Title

A theory of purity from the perspective of comparative religion

Date of Award

2005

Degree Type

Dissertation

Degree Name

Doctor of Philosophy (PhD)

Department

Religion

Advisor(s)

James W. Watts

Keywords

Pollution, Purity, Comparative religion, Egypt, Greece, Israel

Subject Categories

Arts and Humanities | Religion

Abstract

Though systems regulating purity and pollution are found in almost every culture and across historical time periods, and though the similarities among the purity systems of different cultures have been noticed, the field of comparative religion has failed to develop sophisticated theories about the concepts of purity and pollution. Currently, social-functionalist theories are dominant in the study of purity and pollution.
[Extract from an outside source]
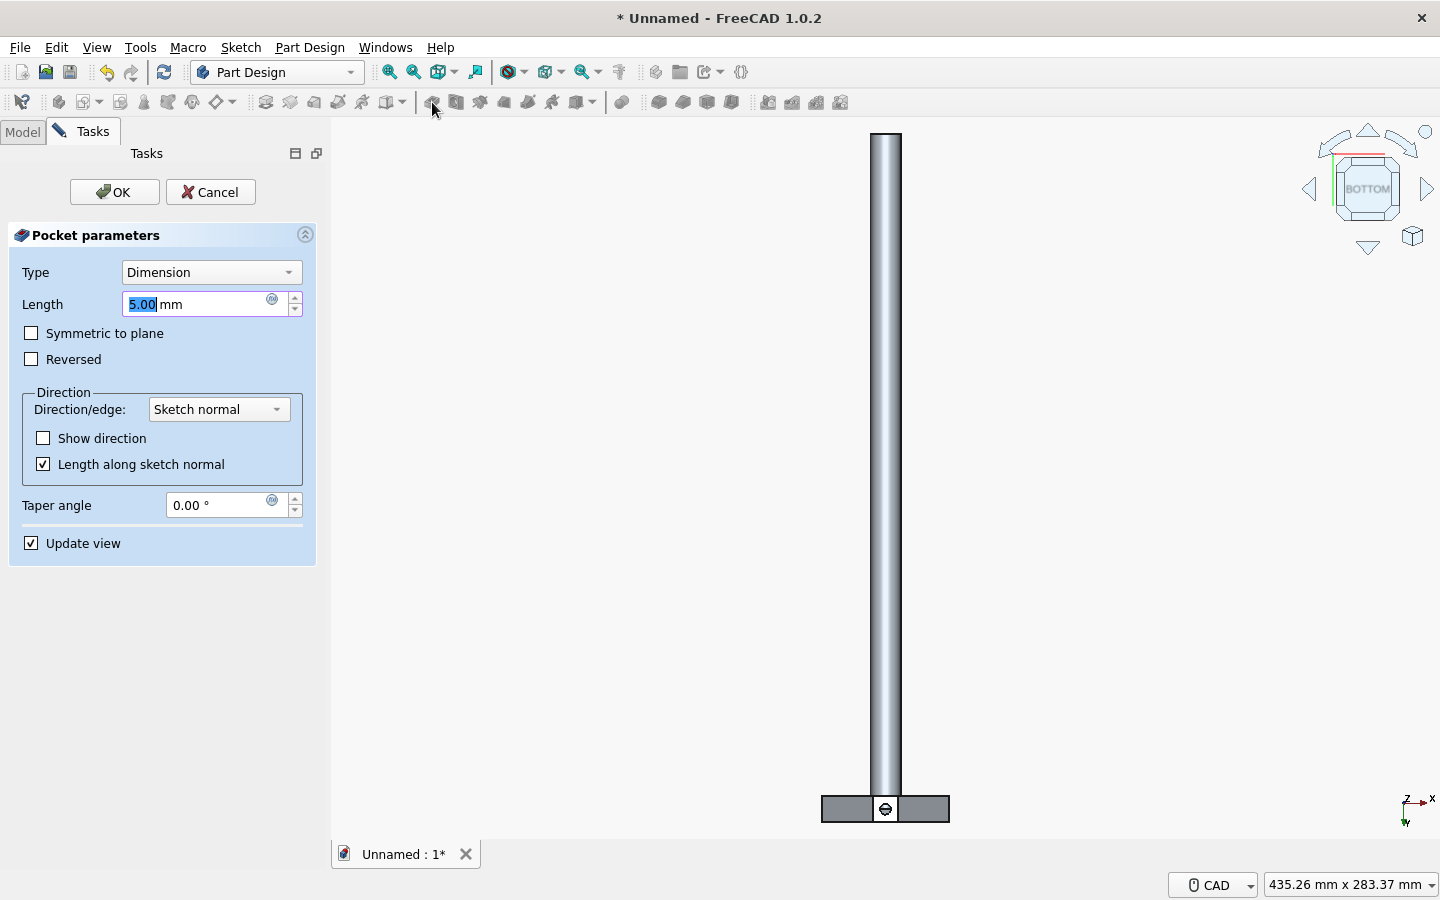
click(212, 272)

While the social-functionalist theories have focused almost exclusively on the social dimensions of purity, my work has highlighted the necessity of also taking seriously the religious dimensions of purity. This dissertation represents my attempt to offer a much-needed theory of purity and pollution from the perspective of comparative religion. A comparative study of three ancient Mediterranean cultures---ancient Egypt, ancient Greece, and ancient Israel---shows the usefulness of my framework for understanding purity in general, as well as the purity ideas of individual cultures, more specifically. According to my theory, purity refers to, first, the requisite conditions or necessary qualities of each realm within a cosmological worldview, and second, the rules that regulate the interrelationship among the various realms that constitute the total cosmological worldview. Impurity is understood as the failure of a realm to satisfy its requisite condition and pollution is the negative effects of one realm on another in cases when their rules cannot tolerate each other. In the cosmologies of these three cultures, realms were based on two basic distinctions---divine vs. non-divine, and life vs. death. These two distinctions generated four major realms: the divine realm of life; the divine realm of death; the non-divine realm of life; and the non-divine realm of death. While the specific way that the distinctions play out in a culture is variable, my theory of purity and pollution still holds, which will be affirmed through applying my theory to the Japanese case in the last chapter.